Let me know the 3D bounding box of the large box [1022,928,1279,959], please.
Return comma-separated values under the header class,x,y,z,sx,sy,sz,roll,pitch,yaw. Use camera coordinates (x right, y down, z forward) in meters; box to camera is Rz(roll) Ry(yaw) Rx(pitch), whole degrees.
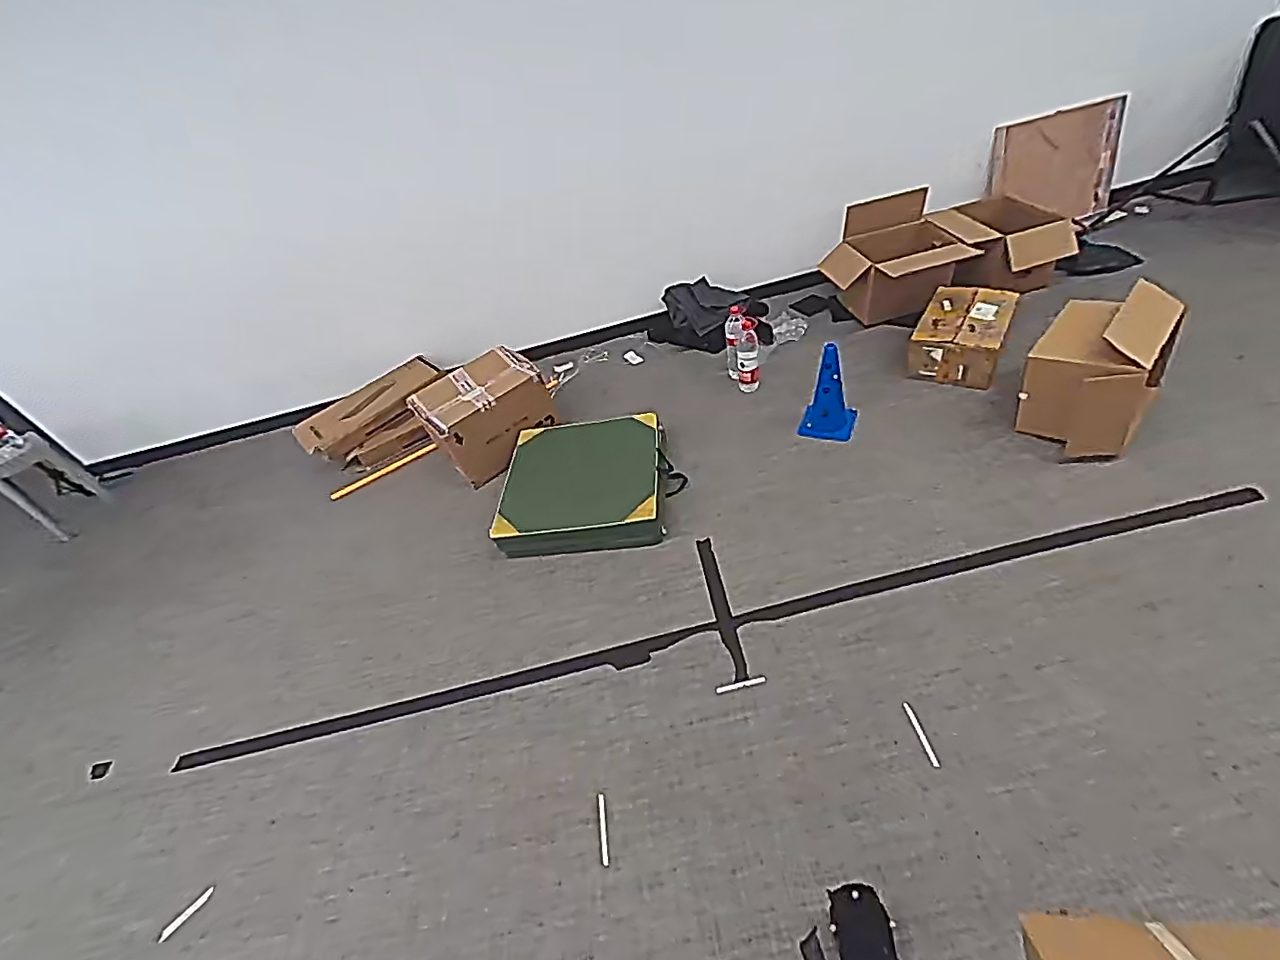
class,x,y,z,sx,sy,sz,roll,pitch,yaw
large box,0.628,0.721,0.495,0.320,0.408,0.320,-8,80,15

☆ ☆ ☆

EXERCISE BRIEF: For this exercise, transcribe the data above line by line, exactly, with pictures omitted.

SOLUTION BELOW:
Let me know the 3D bounding box of the large box [1022,928,1279,959], please.
Return comma-separated values under the header class,x,y,z,sx,sy,sz,roll,pitch,yaw. Use camera coordinates (x right, y down, z forward) in meters; box to camera is Rz(roll) Ry(yaw) Rx(pitch), whole degrees.
class,x,y,z,sx,sy,sz,roll,pitch,yaw
large box,0.628,0.721,0.495,0.320,0.408,0.320,-8,80,15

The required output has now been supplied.